• [ACTIVITY]: Word for word, restate all the records; images are not part of the copy.

———

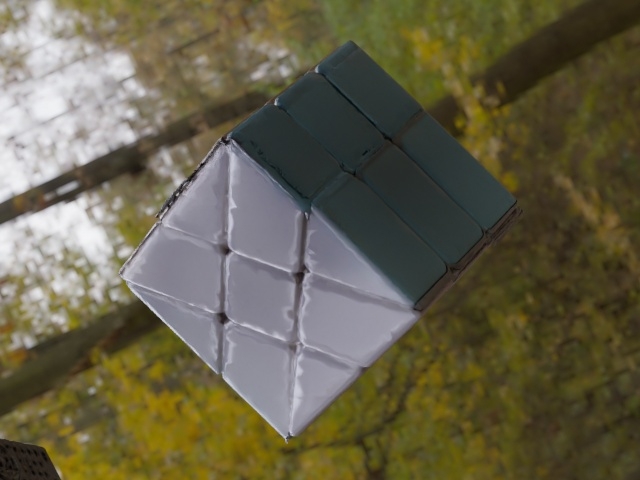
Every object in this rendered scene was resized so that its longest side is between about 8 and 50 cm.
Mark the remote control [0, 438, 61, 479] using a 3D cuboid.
[{"bbox_3d":[-0.308,0.198,1.371,0.245,0.025,0.063,29,-151,-60],"label":"remote control"}]

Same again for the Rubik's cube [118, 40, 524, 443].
[{"bbox_3d":[0.000,0.000,1.375,0.231,0.221,0.224,44,-139,1],"label":"Rubik's cube"}]
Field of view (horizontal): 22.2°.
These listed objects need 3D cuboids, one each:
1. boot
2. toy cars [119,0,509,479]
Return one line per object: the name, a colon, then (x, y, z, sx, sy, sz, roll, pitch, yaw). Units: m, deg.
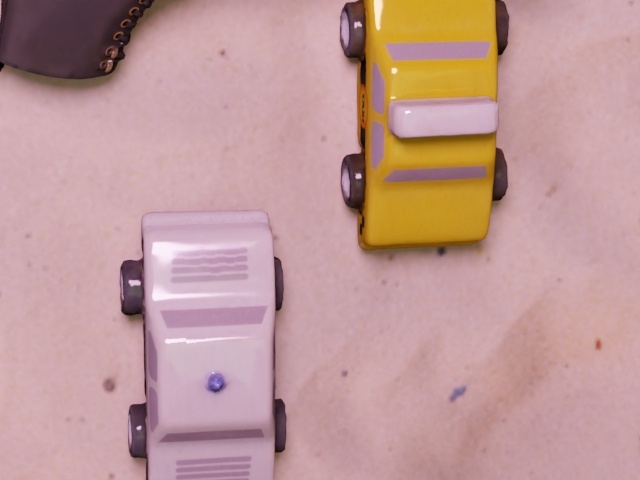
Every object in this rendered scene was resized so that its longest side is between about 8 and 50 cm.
boot: (-0.093, -0.150, 0.946, 0.198, 0.077, 0.137, 9, 114, 1)
toy cars: (0.000, 0.000, 0.988, 0.176, 0.087, 0.393, 39, 94, -15)

———

• [ANSWER TO THIS PROBLEM]:
Every object in this rendered scene was resized so that its longest side is between about 8 and 50 cm.
Mark the remote control [0, 438, 61, 479] using a 3D cuboid.
[{"bbox_3d":[-0.308,0.198,1.371,0.245,0.025,0.063,29,-151,-60],"label":"remote control"}]

Same again for the Rubik's cube [118, 40, 524, 443].
[{"bbox_3d":[0.000,0.000,1.375,0.231,0.221,0.224,44,-139,1],"label":"Rubik's cube"}]
Field of view (horizontal): 22.2°.
These listed objects need 3D cuboids, one each:
1. boot
2. toy cars [119,0,509,479]
Return one line per object: the name, a colon, then (x, y, z, sx, sy, sz, roll, pitch, yaw). Units: m, deg.
Every object in this rendered scene was resized so that its longest side is between about 8 and 50 cm.
boot: (-0.093, -0.150, 0.946, 0.198, 0.077, 0.137, 9, 114, 1)
toy cars: (0.000, 0.000, 0.988, 0.176, 0.087, 0.393, 39, 94, -15)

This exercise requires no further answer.